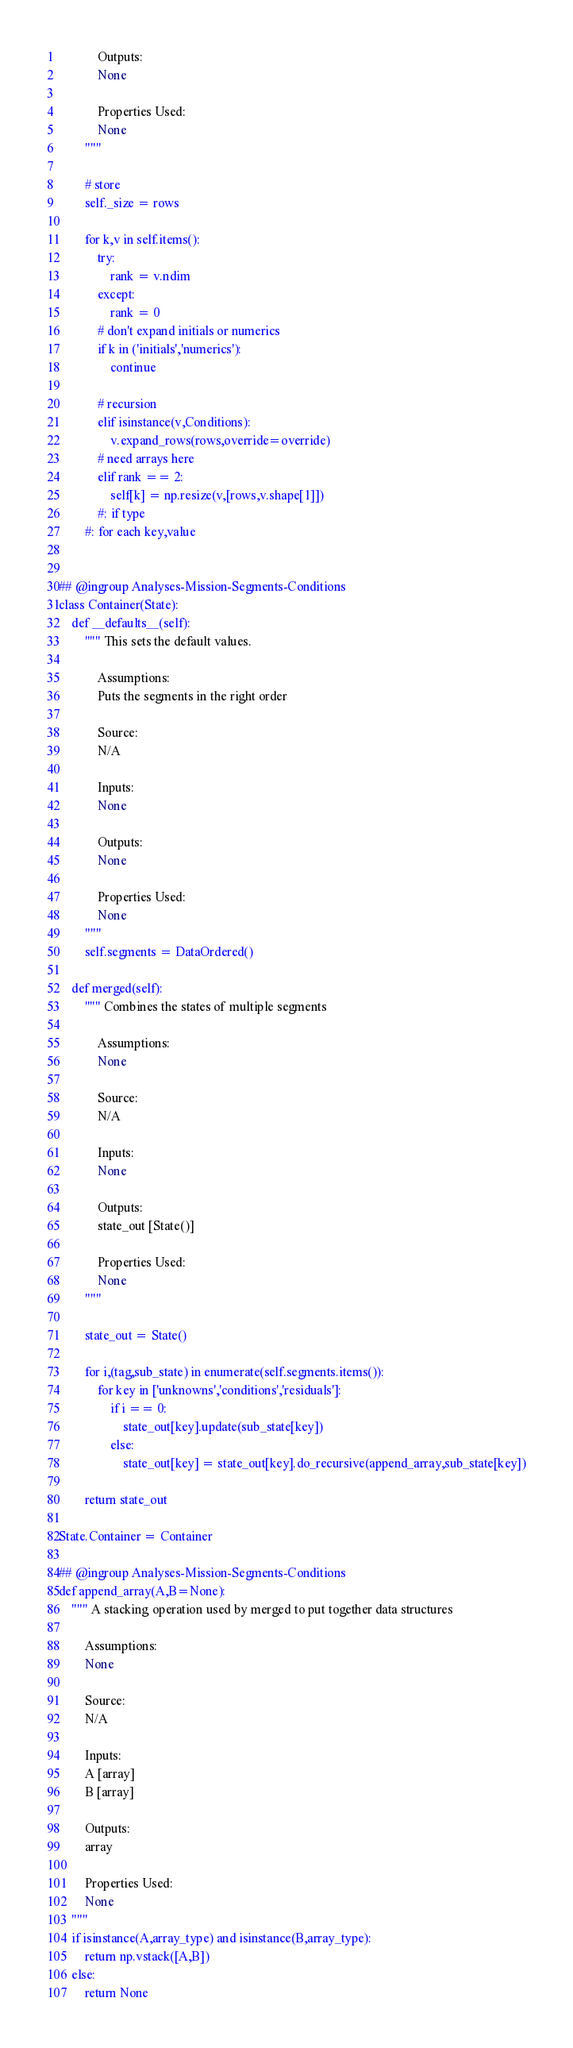<code> <loc_0><loc_0><loc_500><loc_500><_Python_>            Outputs:
            None
    
            Properties Used:
            None
        """         
        
        # store
        self._size = rows
        
        for k,v in self.items(): 
            try:
                rank = v.ndim
            except:
                rank = 0            
            # don't expand initials or numerics
            if k in ('initials','numerics'):
                continue
            
            # recursion
            elif isinstance(v,Conditions):
                v.expand_rows(rows,override=override)
            # need arrays here
            elif rank == 2:
                self[k] = np.resize(v,[rows,v.shape[1]])
            #: if type
        #: for each key,value        
        
        
## @ingroup Analyses-Mission-Segments-Conditions        
class Container(State):
    def __defaults__(self):
        """ This sets the default values.
    
            Assumptions:
            Puts the segments in the right order
    
            Source:
            N/A
    
            Inputs:
            None
    
            Outputs:
            None
    
            Properties Used:
            None
        """         
        self.segments = DataOrdered()
        
    def merged(self):
        """ Combines the states of multiple segments
    
            Assumptions:
            None
    
            Source:
            N/A
    
            Inputs:
            None
    
            Outputs:
            state_out [State()]
    
            Properties Used:
            None
        """              
        
        state_out = State()
        
        for i,(tag,sub_state) in enumerate(self.segments.items()):
            for key in ['unknowns','conditions','residuals']:
                if i == 0:
                    state_out[key].update(sub_state[key])
                else:
                    state_out[key] = state_out[key].do_recursive(append_array,sub_state[key])
            
        return state_out
        
State.Container = Container

## @ingroup Analyses-Mission-Segments-Conditions
def append_array(A,B=None):
    """ A stacking operation used by merged to put together data structures

        Assumptions:
        None

        Source:
        N/A

        Inputs:
        A [array]
        B [array]

        Outputs:
        array

        Properties Used:
        None
    """       
    if isinstance(A,array_type) and isinstance(B,array_type):
        return np.vstack([A,B])
    else:
        return None</code>

··········

__WORK INSTRUCTIONS__
The result should be an exact copy of the material, containing no pictures.

__RESPONSE TO THE TASK__
<code> <loc_0><loc_0><loc_500><loc_500><_Python_>            Outputs:
            None
    
            Properties Used:
            None
        """         
        
        # store
        self._size = rows
        
        for k,v in self.items(): 
            try:
                rank = v.ndim
            except:
                rank = 0            
            # don't expand initials or numerics
            if k in ('initials','numerics'):
                continue
            
            # recursion
            elif isinstance(v,Conditions):
                v.expand_rows(rows,override=override)
            # need arrays here
            elif rank == 2:
                self[k] = np.resize(v,[rows,v.shape[1]])
            #: if type
        #: for each key,value        
        
        
## @ingroup Analyses-Mission-Segments-Conditions        
class Container(State):
    def __defaults__(self):
        """ This sets the default values.
    
            Assumptions:
            Puts the segments in the right order
    
            Source:
            N/A
    
            Inputs:
            None
    
            Outputs:
            None
    
            Properties Used:
            None
        """         
        self.segments = DataOrdered()
        
    def merged(self):
        """ Combines the states of multiple segments
    
            Assumptions:
            None
    
            Source:
            N/A
    
            Inputs:
            None
    
            Outputs:
            state_out [State()]
    
            Properties Used:
            None
        """              
        
        state_out = State()
        
        for i,(tag,sub_state) in enumerate(self.segments.items()):
            for key in ['unknowns','conditions','residuals']:
                if i == 0:
                    state_out[key].update(sub_state[key])
                else:
                    state_out[key] = state_out[key].do_recursive(append_array,sub_state[key])
            
        return state_out
        
State.Container = Container

## @ingroup Analyses-Mission-Segments-Conditions
def append_array(A,B=None):
    """ A stacking operation used by merged to put together data structures

        Assumptions:
        None

        Source:
        N/A

        Inputs:
        A [array]
        B [array]

        Outputs:
        array

        Properties Used:
        None
    """       
    if isinstance(A,array_type) and isinstance(B,array_type):
        return np.vstack([A,B])
    else:
        return None</code>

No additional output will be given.